Was Sie anbieten, für wen – und wie man Geld damit verdient. Das Thema Positionierung (kommt in Teil 2).

Ordnung im Außen

  • Anmeldung bei der Kammer ✅
  • Steuernummer beantragen ✅
  • Haftpflichtversicherung abschließen ✅
  • Visitenkarte? Nur wenn’s gut aussieht. Website? Ja. Logo? Muss nicht fancy sein, aber sauber.
  • Werbung: BRAO und BORA stellen den Rahmen dessen, was erlaubt ist. Das Spannende daran ist, dass viele Berufsträger übervorsichtig sind und allzu „nüchtern“ über die abgedeckten Rechtsgebiete auf der Webseite informieren. Hier geht meist deutlich mehr – auch hierzu werden wir in Teil 2 eingehen.

Technik, die läuft

  • Laptop, Scanner, Kanzleisoftware (es gibt auch günstige Cloudlösungen)
  • E-Mail mit beA
  • Ein Telefon, das Sie auch mal ausstellen können

Das Zentrum der Macht

Homeoffice, Co-Working oder eigene Räume? Meist haben Mandanten kein Problem damit, ausschließlich Online-Gespräche zu führen. Ja, teilweise reicht sogar nur das Telefon. Auch gibt es für die anderen Fälle Lösungen, die eine professionelle Adresse mit zu buchbaren Räumlichkeiten anbieten. Ganz nach Bedarf eben. Viel wichtiger ist: Mandantengespräche professionell ermöglichen – persönlich oder online. Schaffen Sie eine professionelle Atmosphäre. Ein eigenes Büro ist dafür nicht zwingend nötig.

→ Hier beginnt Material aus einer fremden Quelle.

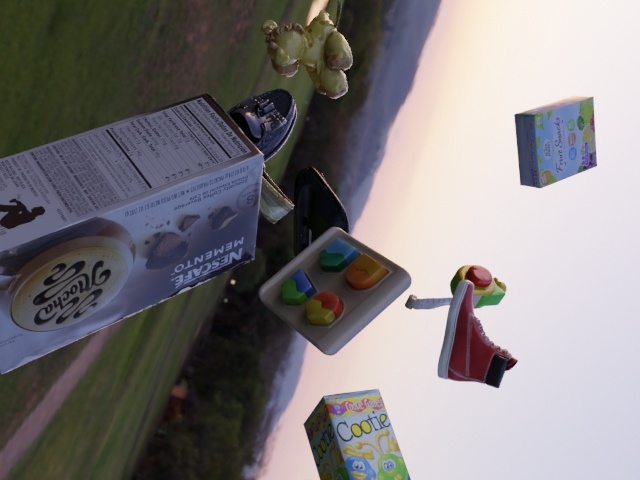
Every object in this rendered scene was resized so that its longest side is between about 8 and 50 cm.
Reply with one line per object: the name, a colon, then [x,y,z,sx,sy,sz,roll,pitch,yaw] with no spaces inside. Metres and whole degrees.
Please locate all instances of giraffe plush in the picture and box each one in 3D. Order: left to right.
giraffe plush: [-0.040,-0.421,1.770,0.181,0.170,0.210,-135,-141,-57]

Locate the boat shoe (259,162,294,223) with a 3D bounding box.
boat shoe: [-0.094,-0.101,1.270,0.048,0.153,0.056,-35,158,16]

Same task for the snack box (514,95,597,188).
snack box: [0.553,-0.232,1.860,0.070,0.207,0.174,18,-56,55]

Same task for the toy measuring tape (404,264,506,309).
toy measuring tape: [0.348,0.122,2.085,0.121,0.330,0.121,5,-84,63]

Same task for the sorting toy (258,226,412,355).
sorting toy: [0.018,0.072,1.316,0.193,0.208,0.038,-40,134,-14]

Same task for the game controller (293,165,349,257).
game controller: [0.000,0.000,1.595,0.067,0.166,0.319,-31,150,-23]

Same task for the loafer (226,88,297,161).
loafer: [-0.148,-0.186,1.443,0.302,0.109,0.095,-45,163,-25]

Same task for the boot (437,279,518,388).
boot: [0.383,0.219,1.874,0.088,0.176,0.244,48,51,-65]

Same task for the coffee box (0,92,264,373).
coffee box: [-0.214,-0.014,0.805,0.297,0.119,0.168,-24,146,-28]

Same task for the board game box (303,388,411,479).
board game box: [0.083,0.478,1.696,0.144,0.142,0.275,118,-38,-46]

Fun Fact: Viele erfolgreiche Einzelanwälte haben im Homeoffice mit WLAN, Laptop und gutem Kaffee begonnen. Um sich selbst zu erden, googlen Sie doch einfach mal Jeff Bezos‘ erstes Büro …

 

Fehler vermeiden – was oft unterschätzt wird

Kanzleigründungen scheitern eigentlich nie an etwa mangelnder Qualifikation, sondern an unterschätzten Hürden. Hier sind einige Fehler, welche Sie vermeiden sollten:

Zu wenig Positionierung

Wenn Sie „auch Arbeitsrecht machen, aber nur manchmal“, merkt sich das niemand. Sagen Sie klar, was Sie sind. Und was nicht. Wie gesagt, Positionierung kann sich sowohl auf Rechtsgebiete als auch auf Zielgruppen beziehen. Somit haben Sie sowohl alles für wenige als auch weniges für alle anbieten. Es sollte eben nur nicht alles für alle sein…

Null Marketing

Ohne Sichtbarkeit keine Mandanten. Punkt. Sie müssen ja kein TikTok-Anwalt sein – aber wenigstens Google sollte wissen, dass Sie existieren. Nutzen Sie ebenfalls LinkedIn oder vergleichbare Portale. Über die (erlaubte) Form der Kommunikation erfahren Sie in Teil 2 mehr.

Finanzielle Naivität

Kein Plan, keine Rücklagen, kein Überblick = schneller Herzinfarkt. Erstellen Sie sich eine einfache Excel-Tabelle. Und haben Sie immer genug Liquidität für 3 Monate auf dem Konto.

Kein Plan für Akquise

Mandanten kommen nicht von allein. Haben Sie konkrete Maßnahmen parat: Empfehlungen, Online-Präsenz, Vorträge, Netzwerke.

Fazit: Wer sich frühzeitig mit den unternehmerischen Aspekten beschäftigt, erspart sich viele teure Lektionen.

Alles allein machen

Nur weil Sie selbstständig sind, müssen Sie nicht einsam sein. Netzwerken Sie, holen Sie sich einen Mentor, sprechen Sie mit Kollegen. Die meisten helfen gern.

 

Fazit: Der Sprung ins kalte Wasser – mit Plan wird’s warm

Kanzleigründung ist kein Spaziergang – eher ein Triathlon. Aber eben einer, bei dem Sie die Strecke selbst aussuchen. Wenn Sie bei dem Gedanken, Ihr eigenes Ding zu machen, nicht Panik, sondern Neugier spüren, dann sollten Sie wirklich mal in diese Richtung denken.
Sie müssen nicht perfekt vorbereitet sein. Aber Sie sollten es ernst meinen. Und ja – Sie dürfen auch Fehler machen – das wird sich auch gar nicht verhindern lassen. Das braucht Sie nicht zu schrecken, das ist normal. Hauptsache, Sie lernen schnell daraus.

Für jeden der jeweiligen Punkte gibt es am Markt auch käufliche Unterstützung. Wichtig ist aber, dass das, was Sie ausmacht, nicht durch Dritte gelöst wird. Es gibt Themen, die sind Chefsache, hier müssen Sie von Anfang an dabei sein.

Am Ende zählt nicht, ob Sie sofort den großen Durchbruch haben. Sondern ob Sie bereit sind, Ihr berufliches Leben selbst zu gestalten – mit allen Höhen, Tiefen und Freiheiten.

Und dran denken: Jede große Kanzlei hat mal klein angefangen – und das wird Ihr Ding!